Defensa de los generalistas

César Rodríguez Garavito
07 de junio de 2019 - 05:00 a. m.

Los padres de familia tienen la misma tentación que los profesores universitarios. Unos y otros solemos creer que el mejor camino educativo para los hijos o los estudiantes es la especialización. El resultado son las escuelas de fútbol donde niños que apenas han dejando de gatear aprenden a patear pelota. O las rígidas carreras universitarias donde obligamos prematuramente a los adolescentes, que aún andan buscándose a sí mismos, a encontrarse dentro de la camisa de fuerza de una disciplina.
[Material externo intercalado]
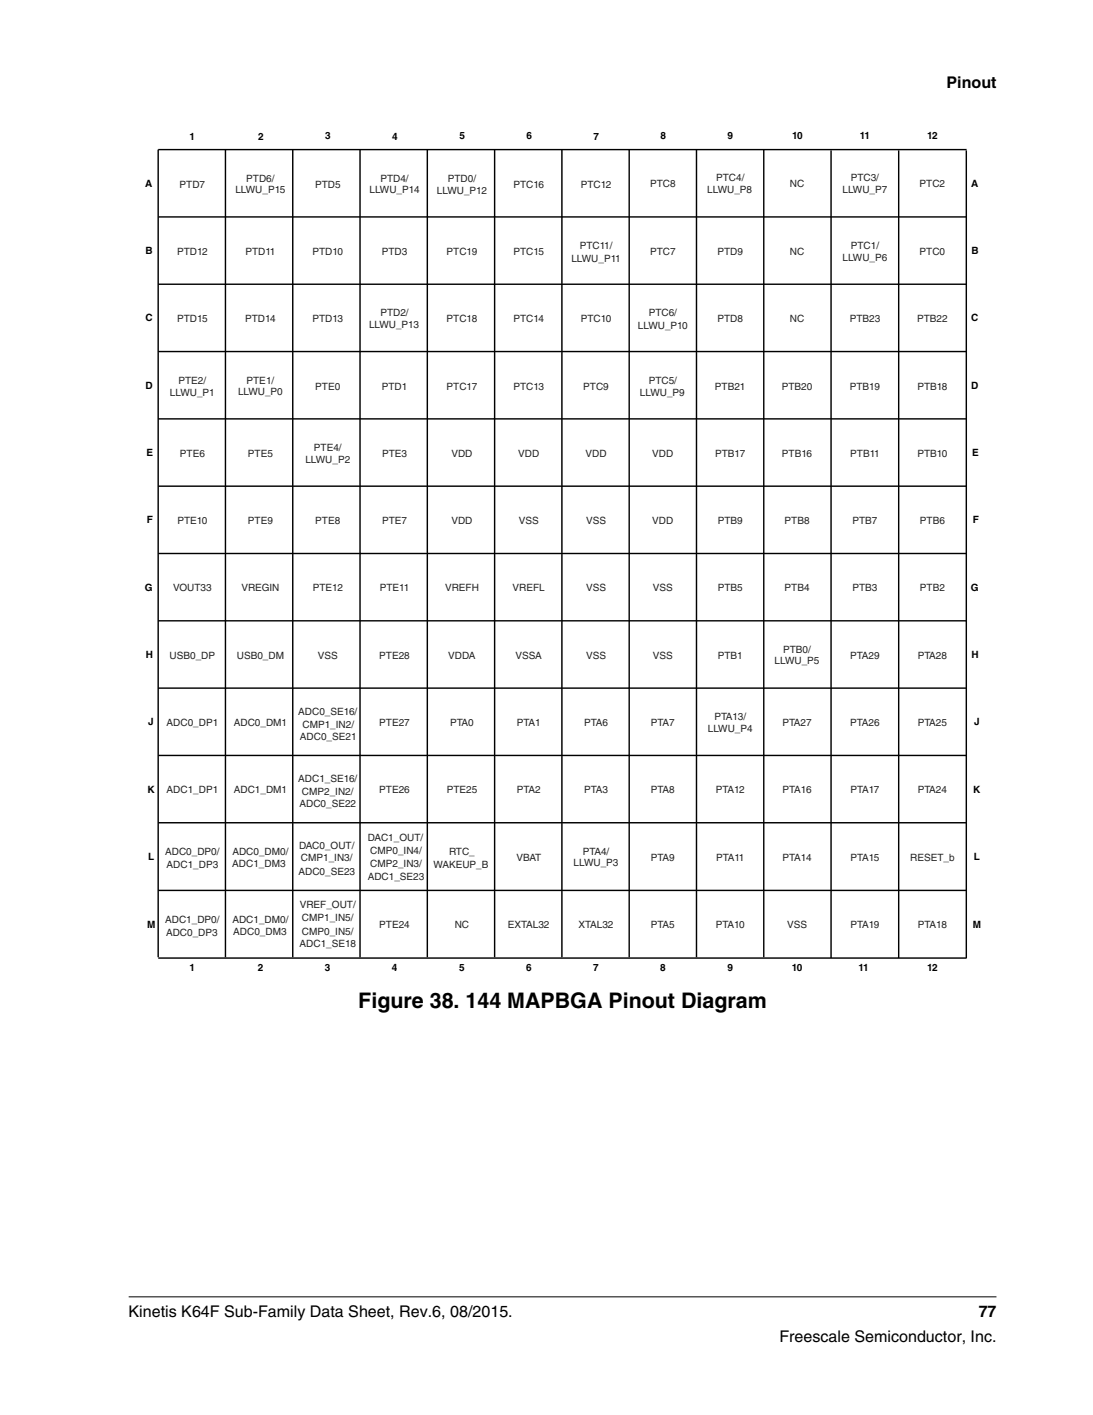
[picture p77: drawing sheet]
<svg xmlns="http://www.w3.org/2000/svg" width="216mm" height="279mm" viewBox="0 0 216 279" stroke-linecap="round" stroke-linejoin="round" font-family="sans-serif">
<defs><g id="words">
<text font-size="4.2" x="70.8" y="199">Figure 38. 144 MAPBGA Pinout Diagram</text>
<g font-size="3.2">
<text x="187" y="17.5">Pinout</text>
<text x="25.4" y="260">Kinetis K64F Sub-Family Data Sheet, Rev.6, 08/2015.</text>
<text x="193.3" y="260">77</text>
<text x="154" y="265">Freescale Semiconductor, Inc.</text>
</g>
<g font-size="2">
<text x="37.4" y="27.6">1</text>
<text x="51" y="27.6">2</text>
<text x="64.2" y="27.5">3</text>
<text x="77.5" y="27.6">4</text>
<text x="90.7" y="27.5">5</text>
<text x="104" y="27.5">6</text>
<text x="117.2" y="27.6">7</text>
<text x="130.5" y="27.5">8</text>
<text x="143.7" y="27.5">9</text>
<text x="156.5" y="27.5">10</text>
<text x="169.8" y="27.5">11</text>
<text x="183.1" y="27.5">12</text>
<text x="28.7" y="36.9">A</text>
<text x="191.8" y="36.9">A</text>
<text x="28.8" y="50.2">B</text>
<text x="191.9" y="50.2">B</text>
<text x="28.7" y="63.5">C</text>
<text x="191.9" y="63.4">C</text>
<text x="28.7" y="76.8">D</text>
<text x="191.9" y="76.7">D</text>
<text x="28.9" y="90">E</text>
<text x="192" y="90">E</text>
<text x="29" y="103.3">F</text>
<text x="192.2" y="103.3">F</text>
<text x="28.6" y="116.6">G</text>
<text x="191.8" y="116.6">G</text>
<text x="28.8" y="129.9">H</text>
<text x="191.9" y="129.9">H</text>
<text x="29.3" y="143.2">J</text>
<text x="192.4" y="143.2">J</text>
<text x="29.1" y="156.5">K</text>
<text x="192.2" y="156.5">K</text>
<text x="29.3" y="169.8">L</text>
<text x="192.4" y="169.8">L</text>
<text x="29" y="183.2">M</text>
<text x="192.1" y="183.2">M</text>
<text x="37.4" y="191.8">1</text>
<text x="50.9" y="191.8">2</text>
<text x="64.2" y="191.8">3</text>
<text x="77.4" y="191.8">4</text>
<text x="90.7" y="191.8">5</text>
<text x="103.9" y="191.8">6</text>
<text x="117.2" y="191.8">7</text>
<text x="130.4" y="191.8">8</text>
<text x="143.7" y="191.8">9</text>
<text x="156.4" y="191.8">10</text>
<text x="169.6" y="191.8">11</text>
<text x="183.1" y="191.8">12</text>
</g>
<g font-size="2" fill="#242323">
<text x="48.6" y="35.9">PTD6/</text>
<text x="75.1" y="35.9">PTD4/</text>
<text x="88.5" y="35.9">PTD0/</text>
<text x="141.5" y="35.7">PTC4/</text>
<text x="168" y="35.7">PTC3/</text>
<text x="35.5" y="37.1">PTD7</text>
<text x="46.5" y="38">LLWU_P15</text>
<text x="62.2" y="37.1">PTD5</text>
<text x="73" y="38.1">LLWU_P14</text>
<text x="86.3" y="38.3">LLWU_P12</text>
<text x="101.4" y="37.1">PTC16</text>
<text x="114.7" y="37.1">PTC12</text>
<text x="128.4" y="36.9">PTC8</text>
<text x="139.7" y="38.1">LLWU_P8</text>
<text x="156" y="36.9">NC</text>
<text x="166.4" y="38.1">LLWU_P7</text>
<text x="181.7" y="36.9">PTC2</text>
<text x="35" y="50.3">PTD12</text>
<text x="48.5" y="50.3">PTD11</text>
<text x="61.7" y="50.3">PTD10</text>
<text x="75.4" y="50.3">PTD3</text>
<text x="88.2" y="50.3">PTC19</text>
<text x="101.4" y="50.3">PTC15</text>
<text x="112.9" y="51.7">LLWU_P11</text>
<text x="114.5" y="49.2">PTC11/</text>
<text x="128.4" y="50.3">PTC7</text>
<text x="141.7" y="50.3">PTD9</text>
<text x="156" y="50.3">NC</text>
<text x="166.4" y="51.5">LLWU_P6</text>
<text x="168.1" y="49.2">PTC1/</text>
<text x="181.7" y="50.3">PTC0</text>
<text x="35" y="63.6">PTD15</text>
<text x="48.4" y="63.6">PTD14</text>
<text x="61.7" y="63.6">PTD13</text>
<text x="72.9" y="64.8">LLWU_P13</text>
<text x="75.1" y="62.5">PTD2/</text>
<text x="88.2" y="63.6">PTC18</text>
<text x="101.4" y="63.6">PTC14</text>
<text x="114.7" y="63.6">PTC10</text>
<text x="126" y="64.9">LLWU_P10</text>
<text x="128.1" y="62.5">PTC6/</text>
<text x="141.7" y="63.6">PTD8</text>
<text x="156" y="63.6">NC</text>
<text x="167.8" y="63.6">PTB23</text>
<text x="181.2" y="63.6">PTB22</text>
<text x="35.3" y="75.8">PTE2/</text>
<text x="47" y="78">LLWU_P0</text>
<text x="48.7" y="75.8">PTE1/</text>
<text x="62.3" y="76.9">PTE0</text>
<text x="75.4" y="76.9">PTD1</text>
<text x="88.2" y="76.9">PTC17</text>
<text x="101.4" y="76.9">PTC13</text>
<text x="115.2" y="76.9">PTC9</text>
<text x="128.1" y="75.8">PTC5/</text>
<text x="141.2" y="76.9">PTB21</text>
<text x="154.4" y="76.9">PTB20</text>
<text x="167.9" y="76.9">PTB19</text>
<text x="181.2" y="76.9">PTB18</text>
<text x="33.6" y="78.1">LLWU_P1</text>
<text x="126.4" y="78.1">LLWU_P9</text>
<text x="62" y="89.1">PTE4/</text>
<text x="35.5" y="90.2">PTE6</text>
<text x="49" y="90.2">PTE5</text>
<text x="60.3" y="91.4">LLWU_P2</text>
<text x="75.5" y="90.2">PTE3</text>
<text x="89.2" y="90.2">VDD</text>
<text x="102.4" y="90.2">VDD</text>
<text x="115.7" y="90.2">VDD</text>
<text x="128.9" y="90.2">VDD</text>
<text x="141.3" y="90.2">PTB17</text>
<text x="154.5" y="90.2">PTB16</text>
<text x="167.9" y="90.2">PTB11</text>
<text x="181.2" y="90.2">PTB10</text>
<text x="35" y="103.5">PTE10</text>
<text x="49" y="103.5">PTE9</text>
<text x="62.3" y="103.5">PTE8</text>
<text x="75.5" y="103.5">PTE7</text>
<text x="89.2" y="103.5">VDD</text>
<text x="102.5" y="103.5">VSS</text>
<text x="115.8" y="103.5">VSS</text>
<text x="128.9" y="103.5">VDD</text>
<text x="141.8" y="103.5">PTB9</text>
<text x="155" y="103.5">PTB8</text>
<text x="168.4" y="103.5">PTB7</text>
<text x="181.7" y="103.5">PTB6</text>
<text x="34.2" y="116.8">VOUT33</text>
<text x="47.7" y="116.8">VREGIN</text>
<text x="61.8" y="116.8">PTE12</text>
<text x="75" y="116.8">PTE11</text>
<text x="87.9" y="116.8">VREFH</text>
<text x="101.3" y="116.8">VREFL</text>
<text x="115.8" y="116.8">VSS</text>
<text x="129" y="116.8">VSS</text>
<text x="141.8" y="116.8">PTB5</text>
<text x="155" y="116.8">PTB4</text>
<text x="168.4" y="116.8">PTB3</text>
<text x="181.7" y="116.8">PTB2</text>
<text x="33.5" y="130.1">USB0_DP</text>
<text x="46.8" y="130.1">USB0_DM</text>
<text x="62.8" y="130.1">VSS</text>
<text x="74.9" y="130.1">PTE28</text>
<text x="88.5" y="130.1">VDDA</text>
<text x="101.8" y="130.1">VSSA</text>
<text x="115.8" y="130.1">VSS</text>
<text x="129" y="130.1">VSS</text>
<text x="141.8" y="130.1">PTB1</text>
<text x="153" y="131.2">LLWU_P5</text>
<text x="154.7" y="129">PTB0/</text>
<text x="168" y="130.1">PTA29</text>
<text x="181.3" y="130.1">PTA28</text>
<text x="32.9" y="143.4">ADC0_DP1</text>
<text x="46.2" y="143.4">ADC0_DM1</text>
<text x="58.9" y="141.1">ADC0_SE16/</text>
<text x="59.7" y="143.7">CMP1_IN2/</text>
<text x="74.9" y="143.4">PTE27</text>
<text x="88.9" y="143.4">PTA0</text>
<text x="102.1" y="143.4">PTA1</text>
<text x="115.4" y="143.4">PTA6</text>
<text x="128.6" y="143.4">PTA7</text>
<text x="141.1" y="142.3">PTA13/</text>
<text x="154.5" y="143.4">PTA27</text>
<text x="168" y="143.4">PTA26</text>
<text x="181.3" y="143.4">PTA25</text>
<text x="59.3" y="146">ADC0_SE21</text>
<text x="139.8" y="144.5">LLWU_P4</text>
<text x="58.9" y="154.4">ADC1_SE16/</text>
<text x="32.9" y="156.7">ADC1_DP1</text>
<text x="46.2" y="156.7">ADC1_DM1</text>
<text x="59.2" y="159.3">ADC0_SE22</text>
<text x="59.6" y="156.9">CMP2_IN2/</text>
<text x="74.9" y="156.7">PTE26</text>
<text x="88.2" y="156.7">PTE25</text>
<text x="102.1" y="156.7">PTA2</text>
<text x="115.4" y="156.7">PTA3</text>
<text x="128.6" y="156.7">PTA8</text>
<text x="141.4" y="156.7">PTA12</text>
<text x="154.6" y="156.7">PTA16</text>
<text x="168" y="156.7">PTA17</text>
<text x="181.3" y="156.7">PTA24</text>
<text x="59.1" y="167.6">DAC0_OUT/</text>
<text x="72.7" y="166.1">DAC1_OUT/</text>
<text x="32.6" y="168.8">ADC0_DP0/</text>
<text x="32.9" y="171.4">ADC1_DP3</text>
<text x="45.9" y="171.2">ADC1_DM3</text>
<text x="45.9" y="168.8">ADC0_DM0/</text>
<text x="59" y="172.7">ADC0_SE23</text>
<text x="59.4" y="170.1">CMP1_IN3/</text>
<text x="72.6" y="173.8">ADC1_SE23</text>
<text x="73.1" y="168.7">CMP0_IN4/</text>
<text x="73.1" y="171.3">CMP2_IN3/</text>
<text x="85.6" y="171.3">WAKEUP_B</text>
<text x="88.7" y="168.8">RTC_</text>
<text x="102" y="170">VBAT</text>
<text x="113.3" y="171">LLWU_P3</text>
<text x="115.1" y="168.8">PTA4/</text>
<text x="128.6" y="170">PTA9</text>
<text x="141.5" y="170">PTA11</text>
<text x="154.6" y="170">PTA14</text>
<text x="168" y="170">PTA15</text>
<text x="179.8" y="170">RESET_b</text>
<text x="59.2" y="179.2">VREF_OUT/</text>
<text x="32.6" y="182.2">ADC1_DP0/</text>
<text x="32.8" y="184.8">ADC0_DP3</text>
<text x="45.9" y="182.2">ADC1_DM0/</text>
<text x="46.1" y="184.6">ADC0_DM3</text>
<text x="59.6" y="181.9">CMP1_IN5/</text>
<text x="59.6" y="184.5">CMP0_IN5/</text>
<text x="74.9" y="183.3">PTE24</text>
<text x="89.8" y="183.3">NC</text>
<text x="100.3" y="183.3">EXTAL32</text>
<text x="114.3" y="183.3">XTAL32</text>
<text x="128.6" y="183.3">PTA5</text>
<text x="141.4" y="183.3">PTA10</text>
<text x="155.5" y="183.3">VSS</text>
<text x="168" y="183.3">PTA19</text>
<text x="181.3" y="183.3">PTA18</text>
<text x="59.2" y="186.9">ADC1_SE18</text>
</g>
</g></defs>
<g fill="none" stroke="#000" stroke-width=".28">
<path d="M44.5 29.5v159.5M57.8 29.5v159.5M71.1 29.5v159.5M84.4 29.5v159.5M97.7 29.5v159.5M111 29.5v159.5M124.3 29.5v159.5M137.6 29.5v159.5M150.9 29.5v159.5M164.2 29.7v159.5M177.5 29.7v159.5M190.9 29.7v159.5"/>
<path d="M190.9 29.5h-159.6l-.1 159.5M31.3 56.1h159.6M31.3 42.8h159.6M31.3 69.4h159.6M31.3 96h159.6M31.3 82.7h159.6M31.3 109.3h159.6M31.3 135.9h159.6M31.3 122.6h159.6M31.3 149.2h159.6M31.3 162.5h159.6M31.3 175.8h159.6"/>
<path d="M31.3 189.2h159.6"/>
</g>
<path d="M25.4 256.1h171.4" fill="none" stroke="#000" stroke-width=".2"/>
<use href="#words"/>
</svg>

Los especialistas han sido celebrados por toda una serie de estudios sobre la excelencia profesional. Autores como Malcolm Gladwell popularizaron la idea de “las 10.000 horas” de práctica, que supuestamente serían necesarias para alcanzar el máximo nivel en un oficio, desde tocar un instrumento como un prodigio hasta jugar golf como Tiger Woods. Si se hacen las cuentas, la forma de acumular esas horas es comenzar tan temprano como Woods, que aprendió a balancear un palo de golf antes que a caminar.

Entre tanto, quienes picamos aquí y allí, saltando entre temas y aficiones, levantamos algo de sospecha. Los generalistas —los que tomamos clases de todo un poco, cambiamos de disciplina o carrera, o cultivamos campos híbridos— tenemos que justificarnos de una forma que no tienen que hacerlo quienes pasan del pregrado al posgrado y la jubilación en la misma disciplina.

Nunca me convenció del todo el culto a la especialización. Muchos de los mejores estudiantes que he tenido hacían doble carrera, o practicaban muy en serio un instrumento o un deporte. Siempre me he sentido a gusto entre generalistas y he aprendido de la creatividad que es posible gracias a las combinaciones inesperadas de formas de pensar y sentir.

Me reconfortó entonces encontrar que la ciencia está reivindicando a los generalistas. Como lo muestra David Epstein en Range —un libro reciente e imperdible para padres y educadores—, la especialización temprana es aconsejable sólo en oficios que consisten en movimientos limitados y repetitivos, como jugar golf o ajedrez. Para hacer bien muchas otras cosas, las que son menos predecibles y requieren capacidad de improvisación, es mejor tener una formación variada y azarosa. Como en el caso de Roger Federer —que jugó de todo antes de entrar, tarde, al tenis profesional—, las habilidades que se aprenden en un campo terminan siendo útiles para desempeñarse en otro.

Por eso, como cuenta Epstein, los equipos de generalistas vencen a los de especialistas cuando se trata de predecir el futuro, incluso en asuntos en los que estos son expertos. Por eso también los inventores en campos como la física o la tecnología digital han pasado por una galería de aficiones y disciplinas.

Un mundo cada vez más complejo e impredecible necesita del pensamiento dúctil de los generalistas. Las universidades y profesores haríamos bien en alentar a los estudiantes a explorar varios campos y enseñarles a pensar antes que enseñarles sobre qué pensar. Y los padres y madres podrían ahorrarse la preocupación obsesiva por esas clases de fútbol o de piano.